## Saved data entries

((

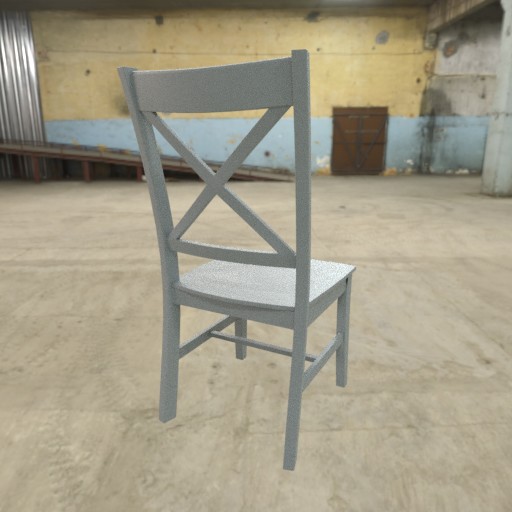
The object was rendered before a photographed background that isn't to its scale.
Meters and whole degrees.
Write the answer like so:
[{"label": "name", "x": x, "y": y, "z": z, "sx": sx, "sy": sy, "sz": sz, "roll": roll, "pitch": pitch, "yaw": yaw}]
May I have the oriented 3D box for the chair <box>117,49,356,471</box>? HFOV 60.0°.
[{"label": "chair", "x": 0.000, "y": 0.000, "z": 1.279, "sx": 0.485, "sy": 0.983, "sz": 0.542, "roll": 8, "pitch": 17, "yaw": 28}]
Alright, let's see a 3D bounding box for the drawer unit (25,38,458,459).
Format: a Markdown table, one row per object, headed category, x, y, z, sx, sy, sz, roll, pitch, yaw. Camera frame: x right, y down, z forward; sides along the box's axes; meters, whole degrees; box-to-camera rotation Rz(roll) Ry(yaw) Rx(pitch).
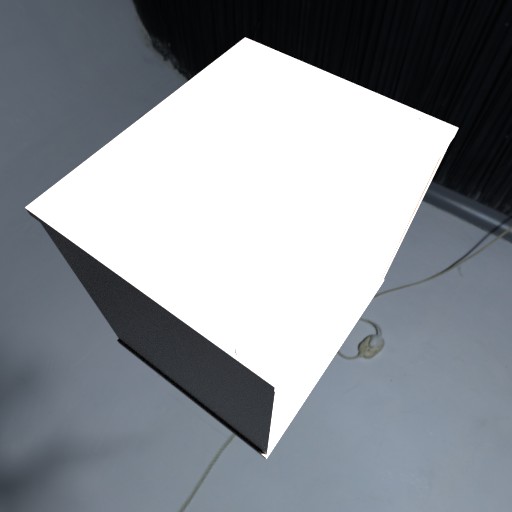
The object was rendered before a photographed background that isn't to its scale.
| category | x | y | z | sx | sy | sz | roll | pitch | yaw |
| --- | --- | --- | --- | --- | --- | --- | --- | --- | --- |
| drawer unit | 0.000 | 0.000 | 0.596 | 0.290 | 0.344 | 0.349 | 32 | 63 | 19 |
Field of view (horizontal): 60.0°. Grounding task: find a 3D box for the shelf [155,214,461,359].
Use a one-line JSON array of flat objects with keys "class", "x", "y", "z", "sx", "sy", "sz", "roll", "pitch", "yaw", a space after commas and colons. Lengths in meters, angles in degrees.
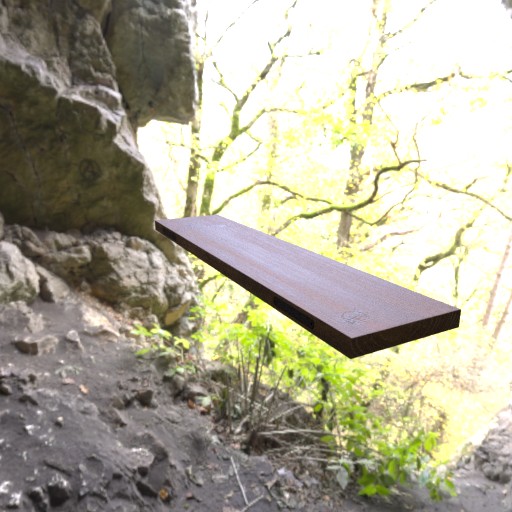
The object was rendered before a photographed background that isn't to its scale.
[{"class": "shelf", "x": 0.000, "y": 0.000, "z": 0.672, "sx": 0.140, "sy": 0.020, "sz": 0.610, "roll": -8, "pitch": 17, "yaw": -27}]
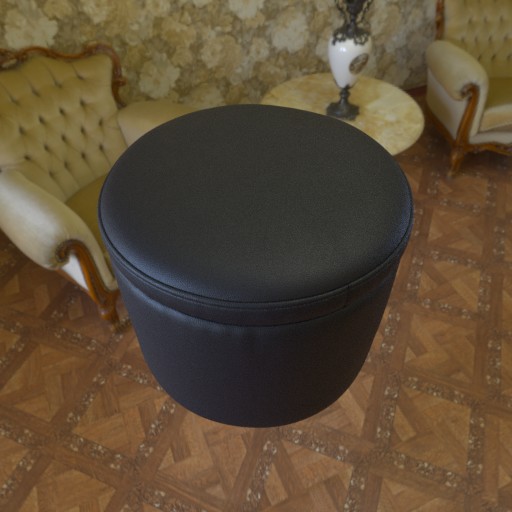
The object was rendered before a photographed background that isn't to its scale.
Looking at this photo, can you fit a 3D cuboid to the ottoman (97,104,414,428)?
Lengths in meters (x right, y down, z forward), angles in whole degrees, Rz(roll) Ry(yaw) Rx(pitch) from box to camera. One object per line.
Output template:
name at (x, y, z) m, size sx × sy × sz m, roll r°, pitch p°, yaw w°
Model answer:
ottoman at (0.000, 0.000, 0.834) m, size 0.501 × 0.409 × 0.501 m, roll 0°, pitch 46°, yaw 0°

))

## Your task
All lines above containing the string "name" are to be collected.

## Task result
[{"label": "name", "x": x, "y": y, "z": z, "sx": sx, "sy": sy, "sz": sz, "roll": roll, "pitch": pitch, "yaw": yaw}]
name at (x, y, z) m, size sx × sy × sz m, roll r°, pitch p°, yaw w°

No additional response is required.